### DESCRIPTION OF THE TASK
Set down a word-for-word copy of the data below, limited to the lines from the first through the line with "4. car [979,832,1091,926]".

Collection entries

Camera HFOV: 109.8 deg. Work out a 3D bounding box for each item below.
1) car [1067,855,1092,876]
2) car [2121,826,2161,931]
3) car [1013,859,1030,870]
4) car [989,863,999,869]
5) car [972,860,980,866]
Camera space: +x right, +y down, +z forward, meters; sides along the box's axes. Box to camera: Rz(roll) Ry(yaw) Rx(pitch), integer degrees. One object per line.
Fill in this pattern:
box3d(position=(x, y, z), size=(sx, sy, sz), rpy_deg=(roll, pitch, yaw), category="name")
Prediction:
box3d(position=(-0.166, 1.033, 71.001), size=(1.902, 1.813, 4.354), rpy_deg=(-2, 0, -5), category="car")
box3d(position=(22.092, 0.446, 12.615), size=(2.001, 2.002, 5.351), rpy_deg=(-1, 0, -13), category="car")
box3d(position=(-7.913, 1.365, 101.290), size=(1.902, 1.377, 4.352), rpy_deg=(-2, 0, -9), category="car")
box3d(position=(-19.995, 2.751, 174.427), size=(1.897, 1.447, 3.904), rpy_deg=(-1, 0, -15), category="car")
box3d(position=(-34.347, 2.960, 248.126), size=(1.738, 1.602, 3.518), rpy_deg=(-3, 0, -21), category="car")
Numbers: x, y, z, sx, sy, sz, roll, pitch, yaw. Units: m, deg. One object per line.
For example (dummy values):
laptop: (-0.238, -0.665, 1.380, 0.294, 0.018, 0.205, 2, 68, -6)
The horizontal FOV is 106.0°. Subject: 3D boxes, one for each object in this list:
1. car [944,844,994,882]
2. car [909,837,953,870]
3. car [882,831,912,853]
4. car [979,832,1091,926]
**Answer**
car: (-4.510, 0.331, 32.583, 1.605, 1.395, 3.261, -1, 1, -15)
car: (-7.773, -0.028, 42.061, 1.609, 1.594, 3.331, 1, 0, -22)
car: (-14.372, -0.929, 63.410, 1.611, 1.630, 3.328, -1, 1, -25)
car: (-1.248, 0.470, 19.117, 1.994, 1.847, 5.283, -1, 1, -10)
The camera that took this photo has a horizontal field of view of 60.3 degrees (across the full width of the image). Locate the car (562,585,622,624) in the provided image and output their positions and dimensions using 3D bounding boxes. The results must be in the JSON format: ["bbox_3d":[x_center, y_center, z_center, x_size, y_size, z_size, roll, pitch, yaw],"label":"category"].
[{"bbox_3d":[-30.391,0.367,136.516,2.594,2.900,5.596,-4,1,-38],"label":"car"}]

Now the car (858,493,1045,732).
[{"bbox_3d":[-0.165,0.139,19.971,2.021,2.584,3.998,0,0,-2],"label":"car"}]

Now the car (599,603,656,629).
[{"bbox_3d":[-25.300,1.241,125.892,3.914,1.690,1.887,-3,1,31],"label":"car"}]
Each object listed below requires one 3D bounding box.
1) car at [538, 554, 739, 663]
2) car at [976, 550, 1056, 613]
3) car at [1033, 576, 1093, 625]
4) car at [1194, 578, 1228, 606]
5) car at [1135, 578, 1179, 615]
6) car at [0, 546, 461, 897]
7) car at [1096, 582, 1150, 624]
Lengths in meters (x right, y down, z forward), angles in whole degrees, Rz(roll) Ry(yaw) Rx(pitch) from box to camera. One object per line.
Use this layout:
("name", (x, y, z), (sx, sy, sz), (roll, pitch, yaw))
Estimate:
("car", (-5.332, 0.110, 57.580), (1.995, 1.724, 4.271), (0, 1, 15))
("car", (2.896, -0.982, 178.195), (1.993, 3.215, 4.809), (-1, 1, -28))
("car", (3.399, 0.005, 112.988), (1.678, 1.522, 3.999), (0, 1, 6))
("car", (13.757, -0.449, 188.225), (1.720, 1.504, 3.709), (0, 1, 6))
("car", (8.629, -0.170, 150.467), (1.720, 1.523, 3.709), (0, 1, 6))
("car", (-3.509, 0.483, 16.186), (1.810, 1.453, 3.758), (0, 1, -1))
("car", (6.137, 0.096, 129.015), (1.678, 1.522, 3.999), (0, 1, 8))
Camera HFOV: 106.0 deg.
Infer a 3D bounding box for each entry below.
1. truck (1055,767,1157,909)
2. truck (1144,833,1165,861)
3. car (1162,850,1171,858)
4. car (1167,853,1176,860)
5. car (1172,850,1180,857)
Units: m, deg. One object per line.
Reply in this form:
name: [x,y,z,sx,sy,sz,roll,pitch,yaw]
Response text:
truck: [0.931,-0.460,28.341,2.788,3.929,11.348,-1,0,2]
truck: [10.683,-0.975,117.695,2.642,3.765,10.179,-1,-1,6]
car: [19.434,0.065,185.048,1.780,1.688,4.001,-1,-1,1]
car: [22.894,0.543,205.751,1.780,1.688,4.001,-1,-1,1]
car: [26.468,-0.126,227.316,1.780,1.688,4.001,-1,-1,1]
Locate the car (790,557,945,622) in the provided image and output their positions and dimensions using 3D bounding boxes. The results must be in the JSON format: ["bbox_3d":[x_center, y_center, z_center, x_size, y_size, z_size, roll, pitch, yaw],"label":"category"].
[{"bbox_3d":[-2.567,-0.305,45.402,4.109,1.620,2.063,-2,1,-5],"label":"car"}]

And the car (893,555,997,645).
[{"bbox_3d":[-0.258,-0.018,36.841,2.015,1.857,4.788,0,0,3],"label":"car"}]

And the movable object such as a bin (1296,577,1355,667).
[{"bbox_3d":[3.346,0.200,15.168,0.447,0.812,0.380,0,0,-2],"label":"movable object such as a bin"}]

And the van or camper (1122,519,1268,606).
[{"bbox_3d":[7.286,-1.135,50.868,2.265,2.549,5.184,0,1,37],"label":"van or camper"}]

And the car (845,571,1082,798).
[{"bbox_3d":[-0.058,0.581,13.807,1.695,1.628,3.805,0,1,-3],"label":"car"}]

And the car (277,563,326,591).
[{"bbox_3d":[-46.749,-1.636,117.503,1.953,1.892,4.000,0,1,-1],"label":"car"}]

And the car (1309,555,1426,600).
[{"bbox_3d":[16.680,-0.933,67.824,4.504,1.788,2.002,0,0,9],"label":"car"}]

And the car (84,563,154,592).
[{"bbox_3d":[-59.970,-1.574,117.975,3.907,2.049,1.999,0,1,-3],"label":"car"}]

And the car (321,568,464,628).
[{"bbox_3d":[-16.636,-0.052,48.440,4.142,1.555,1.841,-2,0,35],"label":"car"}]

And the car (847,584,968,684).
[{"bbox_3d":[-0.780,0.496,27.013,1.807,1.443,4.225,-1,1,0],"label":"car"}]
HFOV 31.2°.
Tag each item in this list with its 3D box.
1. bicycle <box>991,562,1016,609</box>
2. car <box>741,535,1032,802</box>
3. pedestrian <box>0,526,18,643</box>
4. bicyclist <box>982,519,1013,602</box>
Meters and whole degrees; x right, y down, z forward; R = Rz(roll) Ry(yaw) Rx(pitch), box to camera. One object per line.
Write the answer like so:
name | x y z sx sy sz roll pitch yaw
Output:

### EXPECTED ANSWER
Camera HFOV: 109.8 deg. Work out a 3D bounding box for each item below.
1) car [1067,855,1092,876]
2) car [2121,826,2161,931]
3) car [1013,859,1030,870]
4) car [989,863,999,869]
5) car [972,860,980,866]
Camera space: +x right, +y down, +z forward, meters; sides along the box's axes. Box to camera: Rz(roll) Ry(yaw) Rx(pitch), integer degrees. One object per line.
Fill in this pattern:
box3d(position=(x, y, z), size=(sx, sy, sz), rpy_deg=(roll, pitch, yaw), category="name")
Prediction:
box3d(position=(-0.166, 1.033, 71.001), size=(1.902, 1.813, 4.354), rpy_deg=(-2, 0, -5), category="car")
box3d(position=(22.092, 0.446, 12.615), size=(2.001, 2.002, 5.351), rpy_deg=(-1, 0, -13), category="car")
box3d(position=(-7.913, 1.365, 101.290), size=(1.902, 1.377, 4.352), rpy_deg=(-2, 0, -9), category="car")
box3d(position=(-19.995, 2.751, 174.427), size=(1.897, 1.447, 3.904), rpy_deg=(-1, 0, -15), category="car")
box3d(position=(-34.347, 2.960, 248.126), size=(1.738, 1.602, 3.518), rpy_deg=(-3, 0, -21), category="car")
Numbers: x, y, z, sx, sy, sz, roll, pitch, yaw. Units: m, deg. One object per line.
For example (dummy values):
laptop: (-0.238, -0.665, 1.380, 0.294, 0.018, 0.205, 2, 68, -6)
The horizontal FOV is 106.0°. Subject: 3D boxes, one for each object in this list:
1. car [944,844,994,882]
2. car [909,837,953,870]
3. car [882,831,912,853]
4. car [979,832,1091,926]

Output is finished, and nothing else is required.